The Fourier transform relates the function's time domain, shown in red, to the function's frequency domain, shown in blue. The component frequencies, spread across the frequency spectrum, are represented as peaks in the frequency domain.

Fourier Transform is to transform the function which has certain kinds of variables, such as time or spatial coordinate, ${\displaystyle f(t)}$ for example, to the function which has variable of frequency.

## Definition

${\displaystyle {\hat {f}}(\xi )=\int _{-\infty }^{\infty }f(t)\ e^{-i2\pi t\xi }\,dt}$...(1)

This integral above is referred to as Fourier integral, while ${\displaystyle {\hat {f}}(\xi )}$ is called Fourier transform of ${\displaystyle f(t)}$. ${\displaystyle t}$ denotes "time". ${\displaystyle \xi }$ denotes "frequency".

On the other hand, Inverse Fourier transform is defined as follows:

${\displaystyle f(t)=\int _{-\infty }^{\infty }{\hat {f}}(\xi )\ e^{i2\pi t\xi }\,d\xi }$ ...(2)
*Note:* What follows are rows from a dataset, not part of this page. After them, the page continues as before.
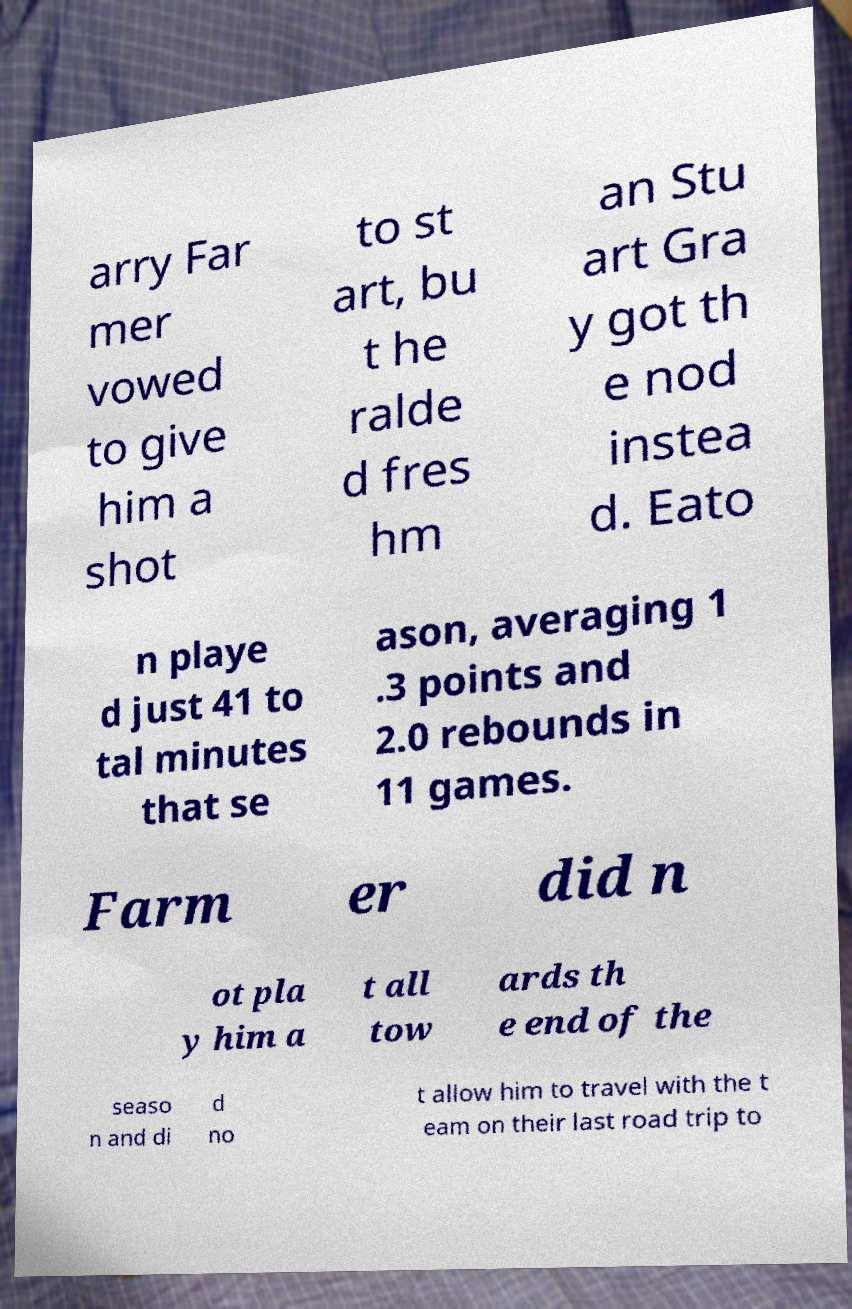Could you extract and type out the text from this image? arry Far mer vowed to give him a shot to st art, bu t he ralde d fres hm an Stu art Gra y got th e nod instea d. Eato n playe d just 41 to tal minutes that se ason, averaging 1 .3 points and 2.0 rebounds in 11 games. Farm er did n ot pla y him a t all tow ards th e end of the seaso n and di d no t allow him to travel with the t eam on their last road trip to 
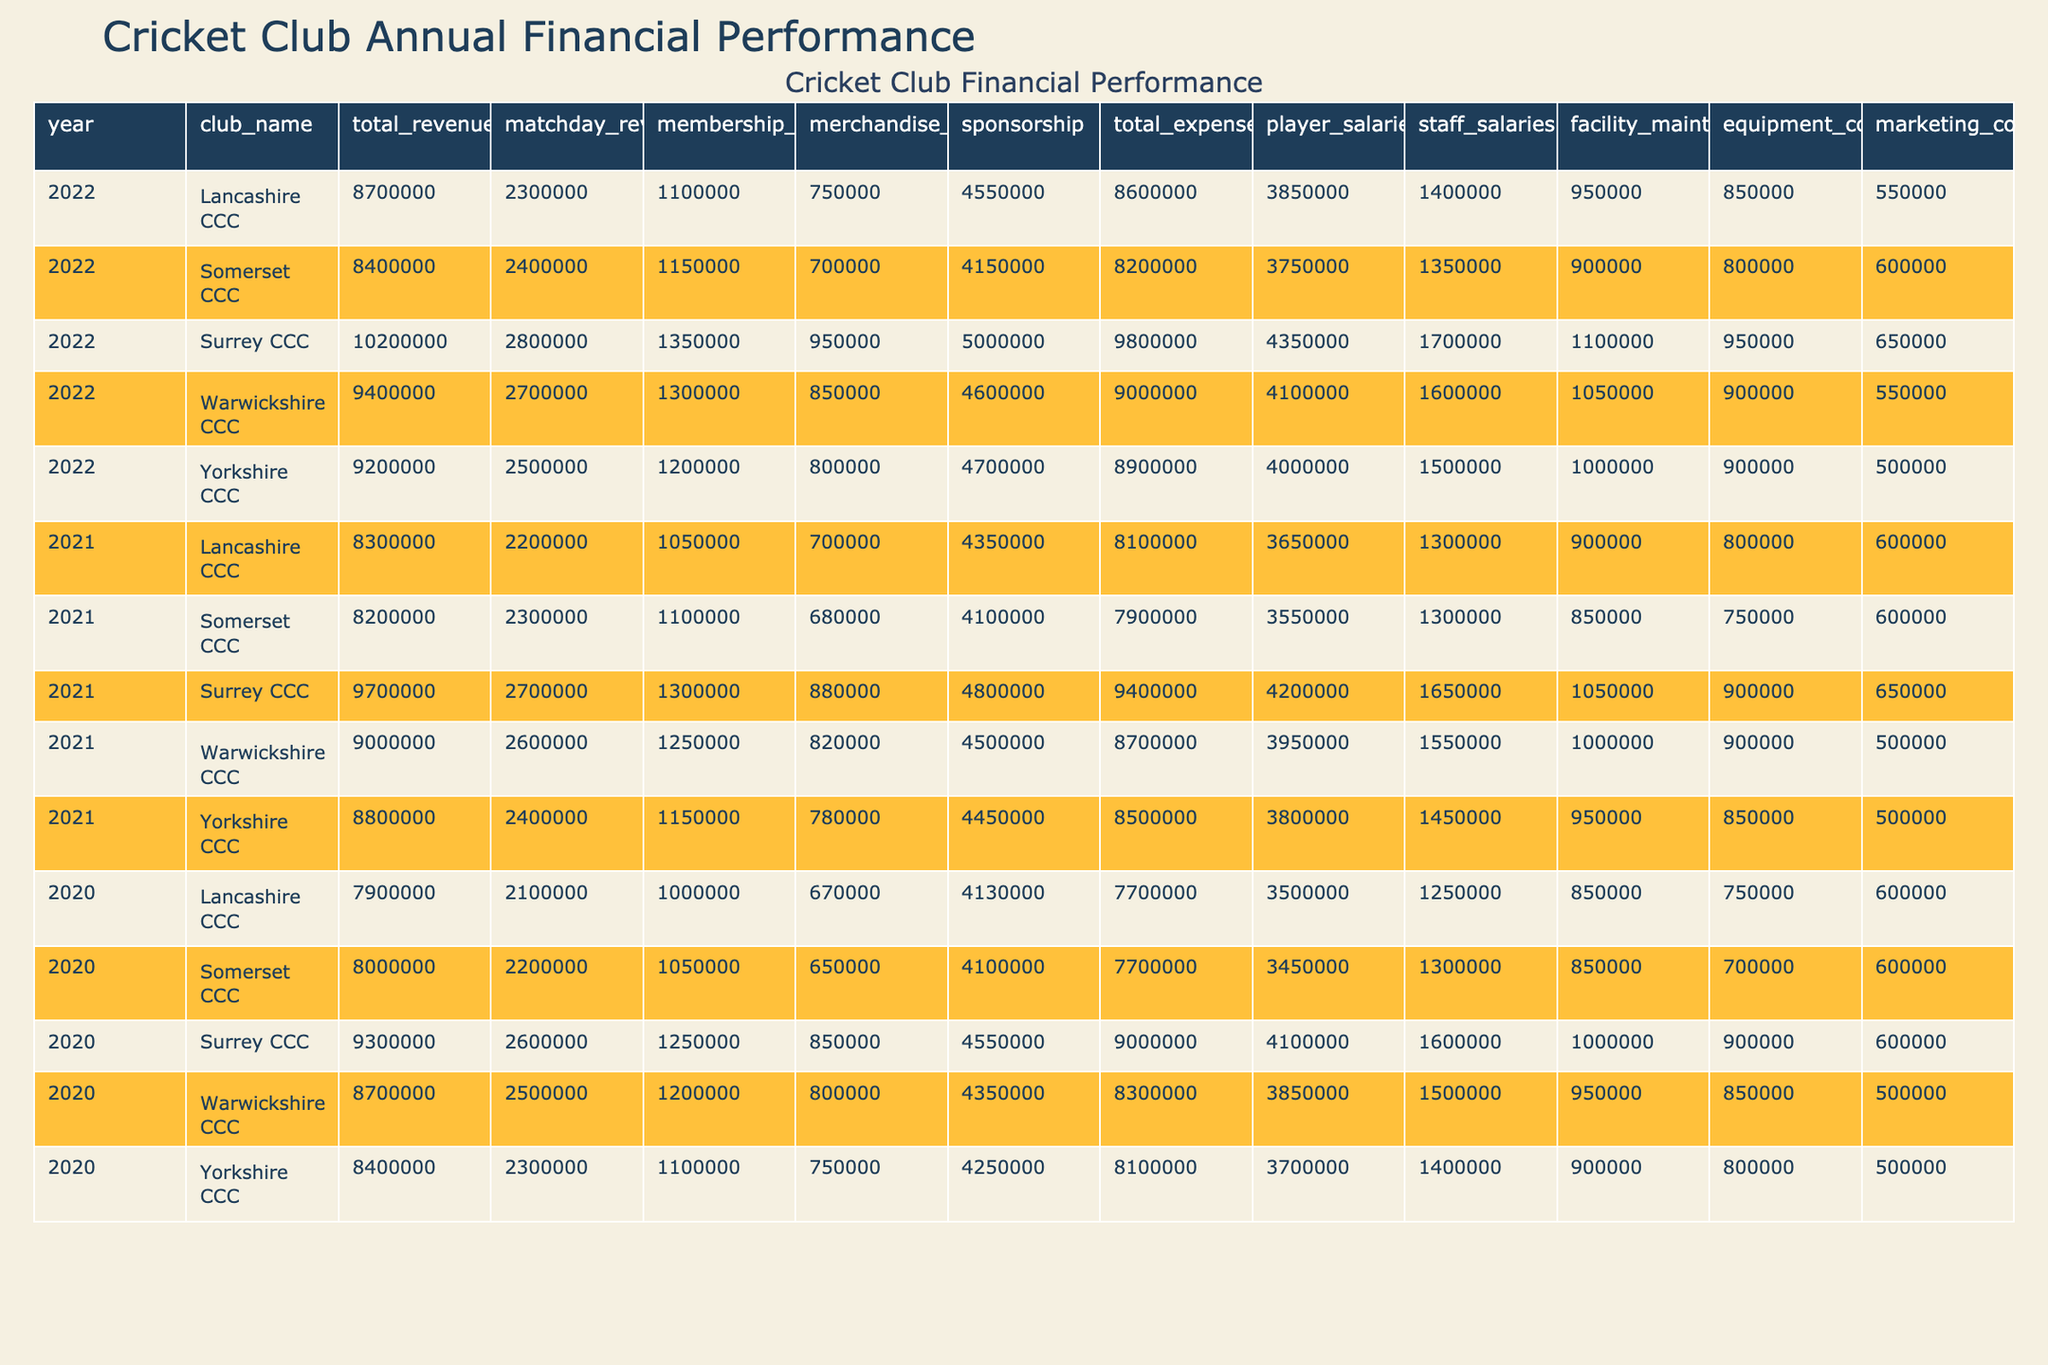What was the total revenue for Surrey CCC in 2022? The table indicates that for the year 2022, the total revenue for Surrey CCC is explicitly listed as 10,200,000.
Answer: 10,200,000 Which cricket club had the highest matchday revenue in 2021? Looking through the matchday revenues for 2021, Surrey CCC has 2,700,000, the highest among all clubs listed, compared to others.
Answer: Surrey CCC What is the difference in total expenses between Lancashire CCC in 2022 and 2021? The total expenses for Lancashire CCC in 2022 is 8,600,000 and in 2021 is 8,100,000. Subtracting gives 8,600,000 - 8,100,000 = 500,000.
Answer: 500,000 Did Warwickshire CCC increase or decrease its total revenue from 2021 to 2022? In 2021, Warwickshire CCC had a total revenue of 9,000,000, and in 2022, it increased to 9,400,000. Therefore, there was an increase in revenue.
Answer: Increase What was the average membership fee across all clubs in 2022? The membership fees for each club in 2022 are 1,200,000 (Yorkshire), 1,100,000 (Lancashire), 1,300,000 (Warwickshire), 1,350,000 (Surrey), and 1,150,000 (Somerset). Summing these values gives a total of 6,100,000. Dividing this by 5 gives an average membership fee of 1,220,000.
Answer: 1,220,000 Which cricket club has the lowest total revenue in 2020? Scanning the total revenue for each club in 2020, Somerset CCC has the lowest figure at 8,000,000 compared to the other clubs' revenues.
Answer: Somerset CCC What is the percentage increase in sponsorship from 2021 to 2022 for Yorkshire CCC? In 2021, Yorkshire CCC had sponsorship income of 4,450,000, which increased to 4,700,000 in 2022. The difference is 4,700,000 - 4,450,000 = 250,000. The percentage increase is (250,000 / 4,450,000) * 100 = approximately 5.62%.
Answer: Approximately 5.62% Was the total revenue for Somerset CCC higher in 2021 or 2022? Looking at the total revenues, Somerset CCC had 8,400,000 in 2021 and 8,400,000 in 2022. Since both values are the same, it has not changed.
Answer: Equal

In the textbooks of universities, the Fourier transform is usually introduced with the variable Angular frequency ${\displaystyle \omega }$. In other word, ${\displaystyle \xi \rightarrow \omega =2\pi \xi }$ is substituted to (1) and (2) in the books. In that case, the Fourier transform is written in two different ways.

1.

${\displaystyle {\hat {f}}(\omega )=\int _{-\infty }^{\infty }f(t)e^{-i\omega t}dt}$
${\displaystyle f(t)={\frac {1}{2\pi }}\int _{-\infty }^{\infty }{\hat {f}}(t)e^{i\omega t}d\omega }$

2.

${\displaystyle {\hat {f}}(\omega )={\frac {1}{\sqrt {2\pi }}}\int _{-\infty }^{\infty }f(t)e^{-i\omega t}dt}$
${\displaystyle f(t)={\frac {1}{\sqrt {2\pi }}}\int _{-\infty }^{\infty }{\hat {f}}(t)e^{i\omega t}d\omega }$